• **EXERCISE OBJECTIVE**: Here is a block of records. Copy every one of them exactly.

------------------------

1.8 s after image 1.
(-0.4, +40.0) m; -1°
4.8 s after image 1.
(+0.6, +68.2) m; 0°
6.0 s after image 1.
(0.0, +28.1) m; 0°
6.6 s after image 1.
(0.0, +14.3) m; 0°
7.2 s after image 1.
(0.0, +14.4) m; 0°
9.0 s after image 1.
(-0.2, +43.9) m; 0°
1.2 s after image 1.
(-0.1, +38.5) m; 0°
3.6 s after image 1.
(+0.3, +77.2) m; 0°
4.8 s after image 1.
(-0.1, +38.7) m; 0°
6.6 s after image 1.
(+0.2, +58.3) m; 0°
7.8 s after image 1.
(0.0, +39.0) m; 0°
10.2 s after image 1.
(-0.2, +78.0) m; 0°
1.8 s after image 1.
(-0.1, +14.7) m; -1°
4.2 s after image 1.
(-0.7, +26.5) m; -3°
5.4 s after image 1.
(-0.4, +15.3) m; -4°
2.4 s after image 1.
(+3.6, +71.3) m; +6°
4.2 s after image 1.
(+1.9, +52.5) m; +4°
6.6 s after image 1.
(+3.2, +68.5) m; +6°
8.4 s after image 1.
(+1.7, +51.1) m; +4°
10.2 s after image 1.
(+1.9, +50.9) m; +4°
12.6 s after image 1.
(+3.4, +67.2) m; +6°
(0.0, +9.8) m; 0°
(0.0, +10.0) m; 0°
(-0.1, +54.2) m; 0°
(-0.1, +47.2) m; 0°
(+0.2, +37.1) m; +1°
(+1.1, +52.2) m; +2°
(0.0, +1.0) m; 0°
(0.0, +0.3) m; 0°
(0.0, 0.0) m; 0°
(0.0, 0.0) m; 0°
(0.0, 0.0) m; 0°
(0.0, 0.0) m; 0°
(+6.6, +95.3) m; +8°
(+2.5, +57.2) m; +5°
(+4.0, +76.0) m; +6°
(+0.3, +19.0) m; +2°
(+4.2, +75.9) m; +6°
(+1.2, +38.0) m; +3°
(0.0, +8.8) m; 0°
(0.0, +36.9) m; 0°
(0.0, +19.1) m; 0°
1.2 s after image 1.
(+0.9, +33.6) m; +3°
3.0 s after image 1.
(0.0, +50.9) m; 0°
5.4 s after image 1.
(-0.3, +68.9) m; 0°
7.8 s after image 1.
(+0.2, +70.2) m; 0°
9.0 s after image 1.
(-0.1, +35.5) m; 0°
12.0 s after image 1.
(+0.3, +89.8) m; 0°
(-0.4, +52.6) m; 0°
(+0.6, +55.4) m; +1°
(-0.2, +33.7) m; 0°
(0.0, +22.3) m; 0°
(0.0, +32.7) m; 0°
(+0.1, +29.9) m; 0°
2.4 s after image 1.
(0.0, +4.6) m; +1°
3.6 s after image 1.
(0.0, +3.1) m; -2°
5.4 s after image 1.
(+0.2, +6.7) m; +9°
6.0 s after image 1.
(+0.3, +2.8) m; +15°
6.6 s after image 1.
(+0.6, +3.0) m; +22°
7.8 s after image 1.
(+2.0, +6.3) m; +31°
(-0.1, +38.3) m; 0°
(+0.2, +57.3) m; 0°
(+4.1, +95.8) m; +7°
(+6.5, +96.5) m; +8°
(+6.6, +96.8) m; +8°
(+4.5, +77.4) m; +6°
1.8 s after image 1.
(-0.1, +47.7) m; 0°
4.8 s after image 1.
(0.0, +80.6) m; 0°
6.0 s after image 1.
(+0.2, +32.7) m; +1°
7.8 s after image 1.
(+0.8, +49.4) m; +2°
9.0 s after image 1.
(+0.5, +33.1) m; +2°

------------------------

• **EXERCISE ANSWER**:
1.8 s after image 1.
(-0.4, +40.0) m; -1°
4.8 s after image 1.
(+0.6, +68.2) m; 0°
6.0 s after image 1.
(0.0, +28.1) m; 0°
6.6 s after image 1.
(0.0, +14.3) m; 0°
7.2 s after image 1.
(0.0, +14.4) m; 0°
9.0 s after image 1.
(-0.2, +43.9) m; 0°
1.2 s after image 1.
(-0.1, +38.5) m; 0°
3.6 s after image 1.
(+0.3, +77.2) m; 0°
4.8 s after image 1.
(-0.1, +38.7) m; 0°
6.6 s after image 1.
(+0.2, +58.3) m; 0°
7.8 s after image 1.
(0.0, +39.0) m; 0°
10.2 s after image 1.
(-0.2, +78.0) m; 0°
1.8 s after image 1.
(-0.1, +14.7) m; -1°
4.2 s after image 1.
(-0.7, +26.5) m; -3°
5.4 s after image 1.
(-0.4, +15.3) m; -4°
2.4 s after image 1.
(+3.6, +71.3) m; +6°
4.2 s after image 1.
(+1.9, +52.5) m; +4°
6.6 s after image 1.
(+3.2, +68.5) m; +6°
8.4 s after image 1.
(+1.7, +51.1) m; +4°
10.2 s after image 1.
(+1.9, +50.9) m; +4°
12.6 s after image 1.
(+3.4, +67.2) m; +6°
(0.0, +9.8) m; 0°
(0.0, +10.0) m; 0°
(-0.1, +54.2) m; 0°
(-0.1, +47.2) m; 0°
(+0.2, +37.1) m; +1°
(+1.1, +52.2) m; +2°
(0.0, +1.0) m; 0°
(0.0, +0.3) m; 0°
(0.0, 0.0) m; 0°
(0.0, 0.0) m; 0°
(0.0, 0.0) m; 0°
(0.0, 0.0) m; 0°
(+6.6, +95.3) m; +8°
(+2.5, +57.2) m; +5°
(+4.0, +76.0) m; +6°
(+0.3, +19.0) m; +2°
(+4.2, +75.9) m; +6°
(+1.2, +38.0) m; +3°
(0.0, +8.8) m; 0°
(0.0, +36.9) m; 0°
(0.0, +19.1) m; 0°
1.2 s after image 1.
(+0.9, +33.6) m; +3°
3.0 s after image 1.
(0.0, +50.9) m; 0°
5.4 s after image 1.
(-0.3, +68.9) m; 0°
7.8 s after image 1.
(+0.2, +70.2) m; 0°
9.0 s after image 1.
(-0.1, +35.5) m; 0°
12.0 s after image 1.
(+0.3, +89.8) m; 0°
(-0.4, +52.6) m; 0°
(+0.6, +55.4) m; +1°
(-0.2, +33.7) m; 0°
(0.0, +22.3) m; 0°
(0.0, +32.7) m; 0°
(+0.1, +29.9) m; 0°
2.4 s after image 1.
(0.0, +4.6) m; +1°
3.6 s after image 1.
(0.0, +3.1) m; -2°
5.4 s after image 1.
(+0.2, +6.7) m; +9°
6.0 s after image 1.
(+0.3, +2.8) m; +15°
6.6 s after image 1.
(+0.6, +3.0) m; +22°
7.8 s after image 1.
(+2.0, +6.3) m; +31°
(-0.1, +38.3) m; 0°
(+0.2, +57.3) m; 0°
(+4.1, +95.8) m; +7°
(+6.5, +96.5) m; +8°
(+6.6, +96.8) m; +8°
(+4.5, +77.4) m; +6°
1.8 s after image 1.
(-0.1, +47.7) m; 0°
4.8 s after image 1.
(0.0, +80.6) m; 0°
6.0 s after image 1.
(+0.2, +32.7) m; +1°
7.8 s after image 1.
(+0.8, +49.4) m; +2°
9.0 s after image 1.
(+0.5, +33.1) m; +2°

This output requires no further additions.